== RECORD EXTRACTS ==
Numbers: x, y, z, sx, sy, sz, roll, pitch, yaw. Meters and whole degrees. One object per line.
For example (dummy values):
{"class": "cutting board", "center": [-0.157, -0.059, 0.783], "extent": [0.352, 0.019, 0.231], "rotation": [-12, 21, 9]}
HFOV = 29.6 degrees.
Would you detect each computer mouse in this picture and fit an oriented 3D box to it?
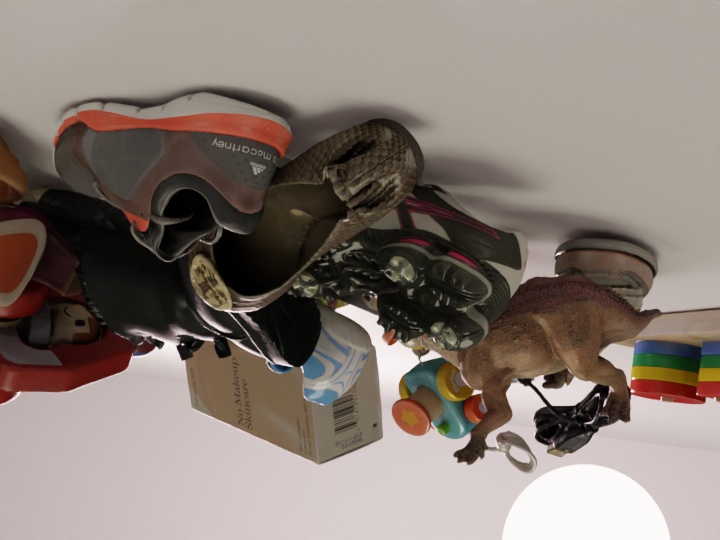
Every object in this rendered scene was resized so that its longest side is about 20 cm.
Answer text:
{"class": "computer mouse", "center": [0.109, 0.047, 1.011], "extent": [0.200, 0.044, 0.110], "rotation": [48, 151, 9]}

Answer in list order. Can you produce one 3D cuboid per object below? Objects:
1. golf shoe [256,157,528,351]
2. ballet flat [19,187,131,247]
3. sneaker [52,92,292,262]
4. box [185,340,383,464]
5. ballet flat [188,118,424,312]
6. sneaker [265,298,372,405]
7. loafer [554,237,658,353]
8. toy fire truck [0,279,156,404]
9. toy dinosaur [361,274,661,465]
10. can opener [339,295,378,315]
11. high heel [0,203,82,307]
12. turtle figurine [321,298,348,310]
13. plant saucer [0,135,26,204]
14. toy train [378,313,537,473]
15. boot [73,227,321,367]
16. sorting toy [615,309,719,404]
{"class": "golf shoe", "center": [0.002, -0.022, 0.808], "extent": [0.200, 0.077, 0.088], "rotation": [28, -138, 19]}
{"class": "ballet flat", "center": [-0.165, -0.030, 1.041], "extent": [0.200, 0.057, 0.066], "rotation": [14, 151, 10]}
{"class": "sneaker", "center": [-0.119, -0.047, 0.763], "extent": [0.077, 0.082, 0.200], "rotation": [16, 169, -36]}
{"class": "box", "center": [-0.074, 0.099, 1.245], "extent": [0.078, 0.095, 0.200], "rotation": [-18, -161, -37]}
{"class": "ballet flat", "center": [-0.042, -0.022, 0.747], "extent": [0.200, 0.046, 0.067], "rotation": [-29, 101, 45]}
{"class": "sneaker", "center": [-0.065, 0.031, 1.055], "extent": [0.072, 0.073, 0.200], "rotation": [31, -172, -42]}
{"class": "loafer", "center": [0.171, 0.024, 0.974], "extent": [0.072, 0.063, 0.200], "rotation": [7, 171, 8]}
{"class": "toy fire truck", "center": [-0.253, 0.025, 1.104], "extent": [0.168, 0.112, 0.200], "rotation": [2, -147, -30]}
{"class": "toy dinosaur", "center": [0.105, 0.033, 0.862], "extent": [0.200, 0.136, 0.086], "rotation": [-12, -154, -6]}
{"class": "can opener", "center": [0.000, 0.000, 1.030], "extent": [0.066, 0.053, 0.200], "rotation": [5, 170, 18]}
{"class": "high heel", "center": [-0.259, -0.022, 0.941], "extent": [0.096, 0.067, 0.200], "rotation": [30, 176, 11]}
{"class": "turtle figurine", "center": [-0.094, 0.021, 1.218], "extent": [0.200, 0.065, 0.161], "rotation": [11, 171, -8]}
{"class": "plant saucer", "center": [-0.312, -0.084, 0.872], "extent": [0.200, 0.038, 0.200], "rotation": [10, 171, 1]}
{"class": "toy train", "center": [0.069, 0.072, 0.992], "extent": [0.150, 0.056, 0.200], "rotation": [28, 141, 36]}
{"class": "boot", "center": [-0.128, -0.005, 0.938], "extent": [0.162, 0.073, 0.198], "rotation": [10, 148, 28]}
{"class": "sorting toy", "center": [0.343, 0.092, 1.203], "extent": [0.200, 0.070, 0.199], "rotation": [12, 171, -22]}
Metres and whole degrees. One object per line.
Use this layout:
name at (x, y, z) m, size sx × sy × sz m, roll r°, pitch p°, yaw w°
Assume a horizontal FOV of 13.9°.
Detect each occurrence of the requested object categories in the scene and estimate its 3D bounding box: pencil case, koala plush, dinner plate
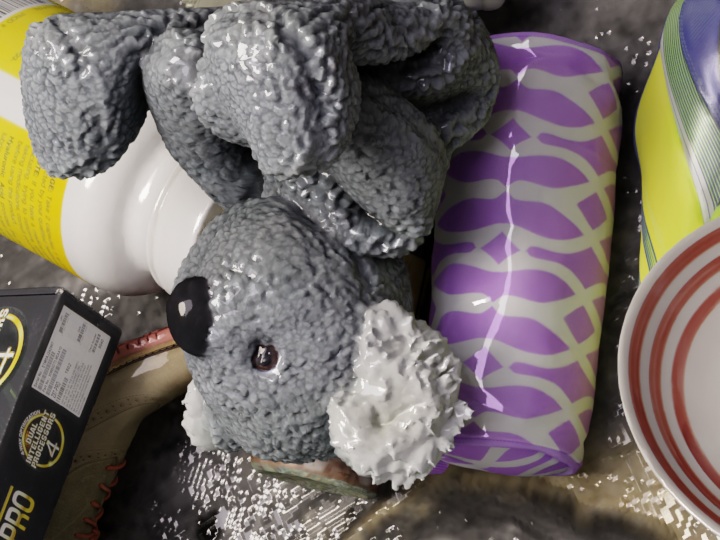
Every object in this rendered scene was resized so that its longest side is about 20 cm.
pencil case at (0.066, -0.004, 1.284) m, size 0.085 × 0.084 × 0.201 m, roll -8°, pitch 68°, yaw 52°
koala plush at (-0.023, -0.012, 1.227) m, size 0.177 × 0.183 × 0.201 m, roll 1°, pitch 96°, yaw 45°
dinner plate at (0.201, 0.050, 1.172) m, size 0.199 × 0.024 × 0.201 m, roll 1°, pitch 48°, yaw -1°

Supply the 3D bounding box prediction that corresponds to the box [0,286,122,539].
box at (-0.204, 0.106, 1.325) m, size 0.161 × 0.049 × 0.200 m, roll -3°, pitch 60°, yaw 46°

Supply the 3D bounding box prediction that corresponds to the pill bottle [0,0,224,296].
pill bottle at (-0.124, -0.055, 1.381) m, size 0.200 × 0.111 × 0.112 m, roll 28°, pitch 90°, yaw 33°

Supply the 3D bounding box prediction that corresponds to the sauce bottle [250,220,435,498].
sauce bottle at (0.000, 0.000, 1.326) m, size 0.065 × 0.065 × 0.201 m, roll 6°, pitch 77°, yaw 30°

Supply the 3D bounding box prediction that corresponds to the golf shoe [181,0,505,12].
golf shoe at (-0.012, -0.121, 1.362) m, size 0.200 × 0.097 × 0.079 m, roll -10°, pitch 63°, yaw 56°

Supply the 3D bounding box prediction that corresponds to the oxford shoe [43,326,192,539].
oxford shoe at (-0.132, 0.092, 1.378) m, size 0.200 × 0.070 × 0.075 m, roll -35°, pitch 80°, yaw 20°

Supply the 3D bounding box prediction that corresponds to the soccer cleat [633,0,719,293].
soccer cleat at (0.146, -0.028, 1.266) m, size 0.084 × 0.065 × 0.201 m, roll 2°, pitch 79°, yaw 60°
===
#### TASK DETAILS
Repeat each line of the material exactly, and drop any image it carries.

#### WRITTEN REPLY
Numbers: x, y, z, sx, sy, sz, roll, pitch, yaw. Meters and whole degrees. One object per line.
For example (dummy values):
{"class": "cutting board", "center": [-0.157, -0.059, 0.783], "extent": [0.352, 0.019, 0.231], "rotation": [-12, 21, 9]}
HFOV = 29.6 degrees.
Would you detect each computer mouse in this picture and fit an oriented 3D box to it?
Every object in this rendered scene was resized so that its longest side is about 20 cm.
Answer text:
{"class": "computer mouse", "center": [0.109, 0.047, 1.011], "extent": [0.200, 0.044, 0.110], "rotation": [48, 151, 9]}

Answer in list order. Can you produce one 3D cuboid per object below? Objects:
1. golf shoe [256,157,528,351]
2. ballet flat [19,187,131,247]
3. sneaker [52,92,292,262]
4. box [185,340,383,464]
5. ballet flat [188,118,424,312]
6. sneaker [265,298,372,405]
7. loafer [554,237,658,353]
8. toy fire truck [0,279,156,404]
9. toy dinosaur [361,274,661,465]
10. can opener [339,295,378,315]
11. high heel [0,203,82,307]
12. turtle figurine [321,298,348,310]
13. plant saucer [0,135,26,204]
14. toy train [378,313,537,473]
15. boot [73,227,321,367]
16. sorting toy [615,309,719,404]
{"class": "golf shoe", "center": [0.002, -0.022, 0.808], "extent": [0.200, 0.077, 0.088], "rotation": [28, -138, 19]}
{"class": "ballet flat", "center": [-0.165, -0.030, 1.041], "extent": [0.200, 0.057, 0.066], "rotation": [14, 151, 10]}
{"class": "sneaker", "center": [-0.119, -0.047, 0.763], "extent": [0.077, 0.082, 0.200], "rotation": [16, 169, -36]}
{"class": "box", "center": [-0.074, 0.099, 1.245], "extent": [0.078, 0.095, 0.200], "rotation": [-18, -161, -37]}
{"class": "ballet flat", "center": [-0.042, -0.022, 0.747], "extent": [0.200, 0.046, 0.067], "rotation": [-29, 101, 45]}
{"class": "sneaker", "center": [-0.065, 0.031, 1.055], "extent": [0.072, 0.073, 0.200], "rotation": [31, -172, -42]}
{"class": "loafer", "center": [0.171, 0.024, 0.974], "extent": [0.072, 0.063, 0.200], "rotation": [7, 171, 8]}
{"class": "toy fire truck", "center": [-0.253, 0.025, 1.104], "extent": [0.168, 0.112, 0.200], "rotation": [2, -147, -30]}
{"class": "toy dinosaur", "center": [0.105, 0.033, 0.862], "extent": [0.200, 0.136, 0.086], "rotation": [-12, -154, -6]}
{"class": "can opener", "center": [0.000, 0.000, 1.030], "extent": [0.066, 0.053, 0.200], "rotation": [5, 170, 18]}
{"class": "high heel", "center": [-0.259, -0.022, 0.941], "extent": [0.096, 0.067, 0.200], "rotation": [30, 176, 11]}
{"class": "turtle figurine", "center": [-0.094, 0.021, 1.218], "extent": [0.200, 0.065, 0.161], "rotation": [11, 171, -8]}
{"class": "plant saucer", "center": [-0.312, -0.084, 0.872], "extent": [0.200, 0.038, 0.200], "rotation": [10, 171, 1]}
{"class": "toy train", "center": [0.069, 0.072, 0.992], "extent": [0.150, 0.056, 0.200], "rotation": [28, 141, 36]}
{"class": "boot", "center": [-0.128, -0.005, 0.938], "extent": [0.162, 0.073, 0.198], "rotation": [10, 148, 28]}
{"class": "sorting toy", "center": [0.343, 0.092, 1.203], "extent": [0.200, 0.070, 0.199], "rotation": [12, 171, -22]}
Metres and whole degrees. One object per line.
Use this layout:
name at (x, y, z) m, size sx × sy × sz m, roll r°, pitch p°, yaw w°
Assume a horizontal FOV of 13.9°.
Detect each occurrence of the requested object categories in the scene and estimate its 3D bounding box: pencil case, koala plush, dinner plate
Every object in this rendered scene was resized so that its longest side is about 20 cm.
pencil case at (0.066, -0.004, 1.284) m, size 0.085 × 0.084 × 0.201 m, roll -8°, pitch 68°, yaw 52°
koala plush at (-0.023, -0.012, 1.227) m, size 0.177 × 0.183 × 0.201 m, roll 1°, pitch 96°, yaw 45°
dinner plate at (0.201, 0.050, 1.172) m, size 0.199 × 0.024 × 0.201 m, roll 1°, pitch 48°, yaw -1°

Supply the 3D bounding box prediction that corresponds to the box [0,286,122,539].
box at (-0.204, 0.106, 1.325) m, size 0.161 × 0.049 × 0.200 m, roll -3°, pitch 60°, yaw 46°

Supply the 3D bounding box prediction that corresponds to the pill bottle [0,0,224,296].
pill bottle at (-0.124, -0.055, 1.381) m, size 0.200 × 0.111 × 0.112 m, roll 28°, pitch 90°, yaw 33°

Supply the 3D bounding box prediction that corresponds to the sauce bottle [250,220,435,498].
sauce bottle at (0.000, 0.000, 1.326) m, size 0.065 × 0.065 × 0.201 m, roll 6°, pitch 77°, yaw 30°

Supply the 3D bounding box prediction that corresponds to the golf shoe [181,0,505,12].
golf shoe at (-0.012, -0.121, 1.362) m, size 0.200 × 0.097 × 0.079 m, roll -10°, pitch 63°, yaw 56°

Supply the 3D bounding box prediction that corresponds to the oxford shoe [43,326,192,539].
oxford shoe at (-0.132, 0.092, 1.378) m, size 0.200 × 0.070 × 0.075 m, roll -35°, pitch 80°, yaw 20°

Supply the 3D bounding box prediction that corresponds to the soccer cleat [633,0,719,293].
soccer cleat at (0.146, -0.028, 1.266) m, size 0.084 × 0.065 × 0.201 m, roll 2°, pitch 79°, yaw 60°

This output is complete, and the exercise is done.